I'm always curious and want to learn the process when I encounter a blog were the author states that they're stopping trying-to-conceive. They've either embraced living child-free or they're on-hold for an indefinite period of time while they consider options. It's always been the thing that scares me the most about trying-to-conceive with infertility. Talk about a ride Disney would never want to touch--the roller coaster with no off button.

Hello. My name is Melissa. I'm 32-years-old. And I'm a trying-to-conceive addict.

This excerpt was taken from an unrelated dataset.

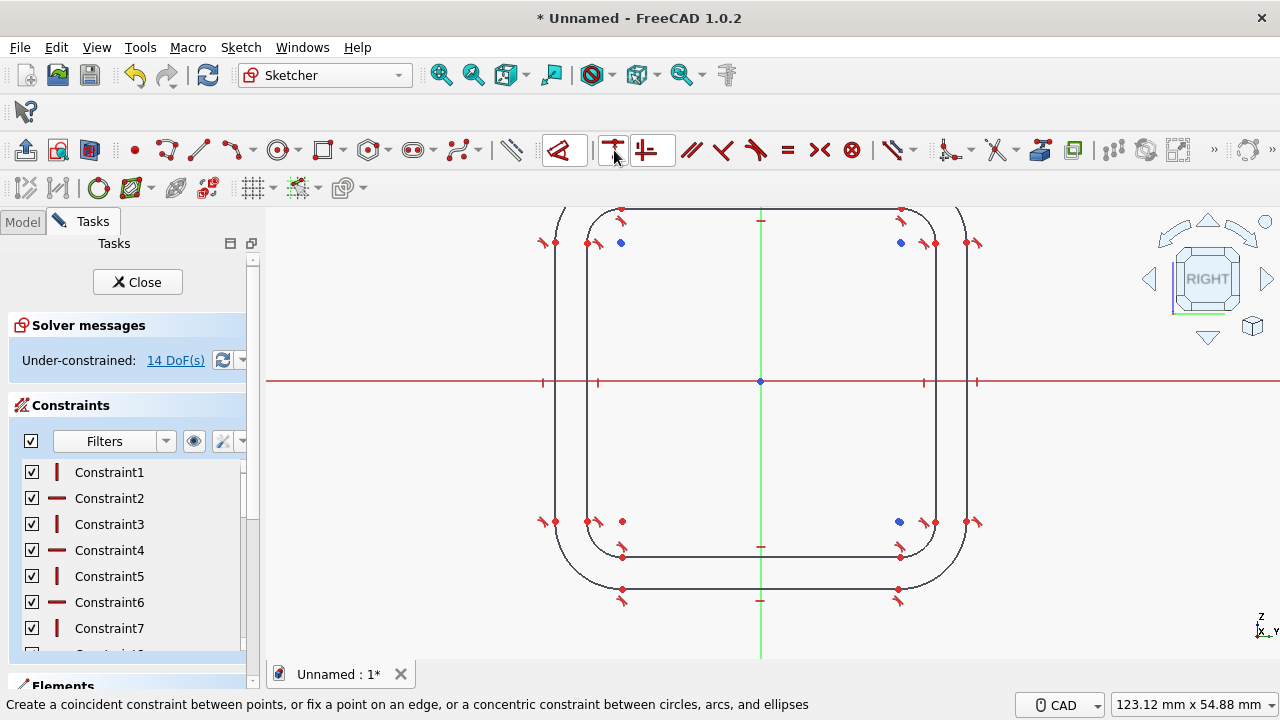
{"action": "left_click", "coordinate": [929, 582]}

Because I'm not sure that I would ever have the courage and strength to say enough is enough. And that scares me. Because it all goes back to the idea of "at what cost." Yes, a baby is worth the hard work (physically and emotionally) of A.R.T. or adoption, but at what cost? A loss of health? The breakdown of a marriage? Financial ruin?

I am a huge fan of Ali Domar's book Conquering Infertility. It helped me get through many a negative beta. But I've always been bothered by a statement that brings other people so much peace. It's tagged as her "message of hope": You will be happy again. Life will become joyful again. And some how, some way, if you want to become a parent, you will.

Maybe it's really revealing that I'm a half-full (wait...half-empty. No, half-full. Which is the negative one?) person at heart. And my intention is not to ruin this statement for you or drag hope from your clenched fist. If you feel strongly about Domar's words, stop reading now and I won't be offended.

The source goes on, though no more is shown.